## [What to do]
Your task is to copy each line of the records that includes the string "around".

------ Source records ------

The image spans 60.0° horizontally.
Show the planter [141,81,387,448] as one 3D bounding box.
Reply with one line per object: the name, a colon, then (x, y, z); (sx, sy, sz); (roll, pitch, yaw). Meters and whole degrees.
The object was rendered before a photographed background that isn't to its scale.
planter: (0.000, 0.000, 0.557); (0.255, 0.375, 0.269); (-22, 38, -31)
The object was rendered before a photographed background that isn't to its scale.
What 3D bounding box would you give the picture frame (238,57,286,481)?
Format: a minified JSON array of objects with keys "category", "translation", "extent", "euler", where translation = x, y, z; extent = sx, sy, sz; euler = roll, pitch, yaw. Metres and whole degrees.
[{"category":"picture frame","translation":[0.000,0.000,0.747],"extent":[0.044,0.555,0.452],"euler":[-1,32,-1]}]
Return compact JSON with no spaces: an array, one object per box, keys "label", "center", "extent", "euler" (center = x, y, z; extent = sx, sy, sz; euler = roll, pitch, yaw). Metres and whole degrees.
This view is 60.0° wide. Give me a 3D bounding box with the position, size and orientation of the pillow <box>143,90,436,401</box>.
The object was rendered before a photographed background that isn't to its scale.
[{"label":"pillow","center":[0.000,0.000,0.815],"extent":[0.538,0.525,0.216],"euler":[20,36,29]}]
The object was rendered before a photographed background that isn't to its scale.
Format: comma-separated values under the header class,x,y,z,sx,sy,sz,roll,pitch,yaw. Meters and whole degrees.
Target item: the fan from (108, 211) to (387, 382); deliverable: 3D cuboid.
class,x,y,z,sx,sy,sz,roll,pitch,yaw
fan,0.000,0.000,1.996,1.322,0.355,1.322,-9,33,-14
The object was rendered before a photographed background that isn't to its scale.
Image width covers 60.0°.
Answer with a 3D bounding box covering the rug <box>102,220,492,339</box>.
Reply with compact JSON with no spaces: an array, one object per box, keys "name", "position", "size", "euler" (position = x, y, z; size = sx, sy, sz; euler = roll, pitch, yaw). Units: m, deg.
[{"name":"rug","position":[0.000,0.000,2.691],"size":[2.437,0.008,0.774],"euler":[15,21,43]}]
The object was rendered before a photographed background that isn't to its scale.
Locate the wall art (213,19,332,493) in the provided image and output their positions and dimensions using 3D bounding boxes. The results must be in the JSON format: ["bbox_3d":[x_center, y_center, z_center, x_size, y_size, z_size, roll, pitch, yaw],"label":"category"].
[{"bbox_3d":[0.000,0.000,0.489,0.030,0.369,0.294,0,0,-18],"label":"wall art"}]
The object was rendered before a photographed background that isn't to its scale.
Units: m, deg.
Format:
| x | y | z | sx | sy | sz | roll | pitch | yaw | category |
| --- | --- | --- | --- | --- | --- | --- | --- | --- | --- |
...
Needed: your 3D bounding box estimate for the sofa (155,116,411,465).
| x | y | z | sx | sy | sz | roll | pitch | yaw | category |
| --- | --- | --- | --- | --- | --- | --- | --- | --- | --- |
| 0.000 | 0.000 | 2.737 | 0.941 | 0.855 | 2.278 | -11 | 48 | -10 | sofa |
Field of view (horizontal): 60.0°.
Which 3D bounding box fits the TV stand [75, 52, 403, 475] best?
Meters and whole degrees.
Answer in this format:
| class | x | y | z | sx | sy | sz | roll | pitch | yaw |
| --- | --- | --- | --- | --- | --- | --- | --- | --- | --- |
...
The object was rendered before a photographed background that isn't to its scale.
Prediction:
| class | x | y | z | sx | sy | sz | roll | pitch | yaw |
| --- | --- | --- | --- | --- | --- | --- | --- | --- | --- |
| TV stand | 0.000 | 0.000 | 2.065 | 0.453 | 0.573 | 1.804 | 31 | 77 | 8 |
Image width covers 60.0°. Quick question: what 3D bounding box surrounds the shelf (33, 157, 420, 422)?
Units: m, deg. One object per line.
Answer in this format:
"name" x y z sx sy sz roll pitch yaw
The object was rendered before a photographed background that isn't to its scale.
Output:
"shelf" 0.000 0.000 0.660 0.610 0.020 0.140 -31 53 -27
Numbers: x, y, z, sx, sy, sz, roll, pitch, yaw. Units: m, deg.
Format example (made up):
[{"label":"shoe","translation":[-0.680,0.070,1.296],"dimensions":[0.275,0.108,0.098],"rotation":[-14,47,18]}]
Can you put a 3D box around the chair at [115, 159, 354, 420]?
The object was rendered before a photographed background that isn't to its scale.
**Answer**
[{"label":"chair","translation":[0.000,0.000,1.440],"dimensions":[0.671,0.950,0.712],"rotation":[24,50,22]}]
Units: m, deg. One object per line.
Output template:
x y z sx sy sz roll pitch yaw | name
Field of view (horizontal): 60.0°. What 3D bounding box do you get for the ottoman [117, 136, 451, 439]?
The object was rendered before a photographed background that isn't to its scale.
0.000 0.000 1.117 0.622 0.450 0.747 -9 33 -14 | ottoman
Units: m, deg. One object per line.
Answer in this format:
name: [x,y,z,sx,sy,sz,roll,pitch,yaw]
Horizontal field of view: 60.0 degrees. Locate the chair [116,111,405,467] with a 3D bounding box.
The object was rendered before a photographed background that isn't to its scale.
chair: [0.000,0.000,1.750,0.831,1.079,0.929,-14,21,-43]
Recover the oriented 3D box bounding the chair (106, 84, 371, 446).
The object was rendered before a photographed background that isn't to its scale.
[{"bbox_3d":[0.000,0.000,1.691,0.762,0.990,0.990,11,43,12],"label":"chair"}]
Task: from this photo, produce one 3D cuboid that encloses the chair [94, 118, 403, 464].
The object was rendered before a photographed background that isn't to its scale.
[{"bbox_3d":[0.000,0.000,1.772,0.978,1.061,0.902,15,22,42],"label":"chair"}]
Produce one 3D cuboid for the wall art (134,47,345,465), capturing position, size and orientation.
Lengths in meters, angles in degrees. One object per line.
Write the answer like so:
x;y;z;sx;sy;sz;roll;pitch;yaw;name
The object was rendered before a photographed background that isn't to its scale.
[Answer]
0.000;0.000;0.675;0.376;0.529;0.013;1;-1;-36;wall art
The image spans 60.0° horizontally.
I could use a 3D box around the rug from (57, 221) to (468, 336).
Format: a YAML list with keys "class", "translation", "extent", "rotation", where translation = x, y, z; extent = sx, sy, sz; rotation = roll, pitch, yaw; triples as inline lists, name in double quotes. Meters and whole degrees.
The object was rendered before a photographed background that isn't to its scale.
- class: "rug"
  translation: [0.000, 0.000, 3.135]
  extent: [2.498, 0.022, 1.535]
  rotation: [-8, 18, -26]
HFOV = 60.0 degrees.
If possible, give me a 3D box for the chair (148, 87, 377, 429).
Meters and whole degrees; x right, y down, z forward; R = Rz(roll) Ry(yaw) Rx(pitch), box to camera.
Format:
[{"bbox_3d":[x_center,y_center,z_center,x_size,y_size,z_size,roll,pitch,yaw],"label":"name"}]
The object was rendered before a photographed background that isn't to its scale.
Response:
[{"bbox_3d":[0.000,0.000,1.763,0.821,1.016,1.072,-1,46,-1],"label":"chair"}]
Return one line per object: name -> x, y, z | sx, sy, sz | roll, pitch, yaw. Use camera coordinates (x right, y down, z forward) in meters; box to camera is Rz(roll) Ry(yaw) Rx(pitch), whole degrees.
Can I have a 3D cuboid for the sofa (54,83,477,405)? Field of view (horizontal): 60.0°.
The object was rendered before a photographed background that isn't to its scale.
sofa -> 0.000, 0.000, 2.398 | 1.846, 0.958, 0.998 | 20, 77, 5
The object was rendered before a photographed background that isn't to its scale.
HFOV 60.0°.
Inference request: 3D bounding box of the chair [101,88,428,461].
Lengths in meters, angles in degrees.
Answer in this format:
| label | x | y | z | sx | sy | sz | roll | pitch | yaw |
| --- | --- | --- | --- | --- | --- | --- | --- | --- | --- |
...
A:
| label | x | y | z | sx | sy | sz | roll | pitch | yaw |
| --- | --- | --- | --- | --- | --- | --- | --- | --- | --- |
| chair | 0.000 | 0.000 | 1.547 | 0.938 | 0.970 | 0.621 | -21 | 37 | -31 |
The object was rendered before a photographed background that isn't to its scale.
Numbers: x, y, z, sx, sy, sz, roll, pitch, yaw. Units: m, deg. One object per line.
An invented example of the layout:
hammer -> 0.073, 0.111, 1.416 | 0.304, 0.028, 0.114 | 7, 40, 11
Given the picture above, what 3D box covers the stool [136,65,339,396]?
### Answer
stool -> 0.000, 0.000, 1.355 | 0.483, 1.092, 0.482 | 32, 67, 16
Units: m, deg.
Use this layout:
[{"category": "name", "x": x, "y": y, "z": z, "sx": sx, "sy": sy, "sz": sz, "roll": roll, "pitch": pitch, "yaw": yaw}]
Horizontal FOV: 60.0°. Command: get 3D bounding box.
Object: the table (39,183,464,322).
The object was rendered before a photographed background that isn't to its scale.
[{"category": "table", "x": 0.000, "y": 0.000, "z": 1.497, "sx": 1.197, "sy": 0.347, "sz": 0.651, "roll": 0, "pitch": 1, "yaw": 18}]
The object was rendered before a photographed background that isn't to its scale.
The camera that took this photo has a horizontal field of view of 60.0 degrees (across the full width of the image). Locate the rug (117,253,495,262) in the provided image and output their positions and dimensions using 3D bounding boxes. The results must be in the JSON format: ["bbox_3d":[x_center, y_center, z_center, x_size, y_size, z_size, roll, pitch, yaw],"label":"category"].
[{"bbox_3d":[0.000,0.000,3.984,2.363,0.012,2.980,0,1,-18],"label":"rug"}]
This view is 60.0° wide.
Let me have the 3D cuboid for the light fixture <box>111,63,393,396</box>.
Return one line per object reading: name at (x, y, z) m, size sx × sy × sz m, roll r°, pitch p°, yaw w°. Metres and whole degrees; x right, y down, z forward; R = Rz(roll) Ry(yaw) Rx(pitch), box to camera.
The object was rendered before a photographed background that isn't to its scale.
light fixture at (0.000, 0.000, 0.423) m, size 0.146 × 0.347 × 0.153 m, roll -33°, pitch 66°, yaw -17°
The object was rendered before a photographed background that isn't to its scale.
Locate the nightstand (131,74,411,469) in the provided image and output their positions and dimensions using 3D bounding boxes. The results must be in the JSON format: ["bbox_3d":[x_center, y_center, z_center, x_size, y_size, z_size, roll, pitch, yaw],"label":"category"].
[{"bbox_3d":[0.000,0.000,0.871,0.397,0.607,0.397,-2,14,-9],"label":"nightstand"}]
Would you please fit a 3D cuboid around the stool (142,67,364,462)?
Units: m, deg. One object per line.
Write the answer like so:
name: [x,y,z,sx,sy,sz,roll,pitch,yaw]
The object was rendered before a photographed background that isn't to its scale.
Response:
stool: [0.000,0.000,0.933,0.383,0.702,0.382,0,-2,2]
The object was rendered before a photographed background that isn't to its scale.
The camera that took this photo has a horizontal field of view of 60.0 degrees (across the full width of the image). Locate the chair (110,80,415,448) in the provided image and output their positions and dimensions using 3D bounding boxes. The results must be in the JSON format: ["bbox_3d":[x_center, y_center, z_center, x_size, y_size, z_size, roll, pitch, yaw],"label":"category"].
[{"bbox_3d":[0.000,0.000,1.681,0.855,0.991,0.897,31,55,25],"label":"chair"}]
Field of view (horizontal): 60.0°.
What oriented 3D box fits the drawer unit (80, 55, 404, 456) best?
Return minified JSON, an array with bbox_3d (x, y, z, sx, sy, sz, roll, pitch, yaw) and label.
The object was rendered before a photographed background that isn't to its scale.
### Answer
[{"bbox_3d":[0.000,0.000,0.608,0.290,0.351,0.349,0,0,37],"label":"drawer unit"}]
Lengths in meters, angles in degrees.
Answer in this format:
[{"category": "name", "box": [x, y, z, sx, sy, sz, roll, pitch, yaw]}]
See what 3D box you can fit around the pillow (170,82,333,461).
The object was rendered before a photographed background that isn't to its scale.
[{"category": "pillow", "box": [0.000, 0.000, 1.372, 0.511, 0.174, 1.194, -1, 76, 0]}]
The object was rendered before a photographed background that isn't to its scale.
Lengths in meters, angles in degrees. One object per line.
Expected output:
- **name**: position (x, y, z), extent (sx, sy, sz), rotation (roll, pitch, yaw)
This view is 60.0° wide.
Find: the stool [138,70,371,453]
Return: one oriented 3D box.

------

## [Exercise response]
Can you put a 3D box around the chair at [115, 159, 354, 420]?
I could use a 3D box around the rug from (57, 221) to (468, 336).
Would you please fit a 3D cuboid around the stool (142,67,364,462)?
See what 3D box you can fit around the pillow (170,82,333,461).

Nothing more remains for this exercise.